① A large number of paper work lead to a slower process than expected; ② the Quality Assurance behavior in the early stage is untrue, leading to repeated work in the later stage; ③ too informal (lack of compliance with software development strategies and standards), resulting in insufficient communication, poor quality, and even re-development; ④ too formal (adhere to software development strategies and standards in a systematic manner), resulting in excessive time consumption and useless work; ⑤ writing process reports to the management layer takes longer time for developers than expected; ⑥ careless risk management, leading to failure to discover major project risks.

3.2 Software Project Risk Management Model

Many experts and organizations have put forward their own risk management models for risk management issues in software projects. The main risk management models are: Boehm model, CRM model and serim model [5].

3.2.1 Barry Boehm model

Model: Re = P (UO) * l (UO)

Where Re indicates the impact caused by the risk or risk, P (UO) indicates the probability of occurrence of unsatisfactory results, L (UO) it indicates the extent to which bad results will produce destructive results. The core of Boehm is the list of 10 risk factors. A series of risk management policies are provided for each risk factor. In actual operations, Boehm summarizes the specific risk factors of the current project based on the ten major risks list, and plans and implements the evaluation, at the next scheduled meeting, we will summarize the solutions to these 10 risk factors to generate a new 10 risk factors table, and so on.

3.2.2 sei CRM (continuous risk management) Model

The sei crm model's risk management principles are: constantly evaluating factors that may cause adverse consequences, determining the most urgent risks to be addressed, and implementing risk control policies; evaluate and ensure the effectiveness of risk policy implementation. The CRM model requires that you focus on risk identification and management at all stages of the project's life cycle.
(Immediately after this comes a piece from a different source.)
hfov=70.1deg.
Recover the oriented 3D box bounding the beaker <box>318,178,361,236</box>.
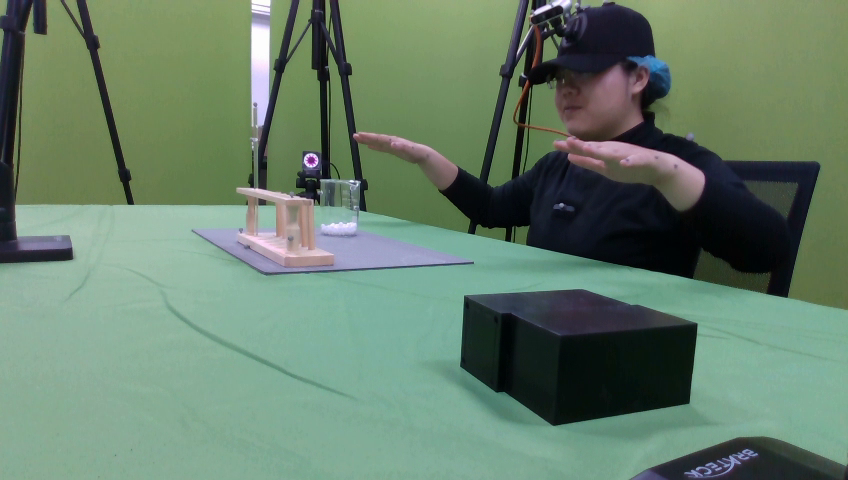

It divides risk management into five steps: risk identification, analysis, planning, tracking, and control.

3.2.3 serim (Software Engineering Risk Model) Model

Serim analyzes software risk management from both technical and commercial perspectives, and considers issues such as overhead, progress, and technical performance. It also provides some indicators and models to estimate and predict risks. Because the data comes from a large amount of practical experience, it is very convincing.

4. Conclusion

In a sense, software project management is risk management. We try our best to define clear requirements for planning and efficient management, but the business environment is always changing rapidly, or even disorderly. Therefore, in the process of project management, software enterprises must adopt appropriate risk management methods for risk management to ensure that the software project completes the project within the specified budget and period.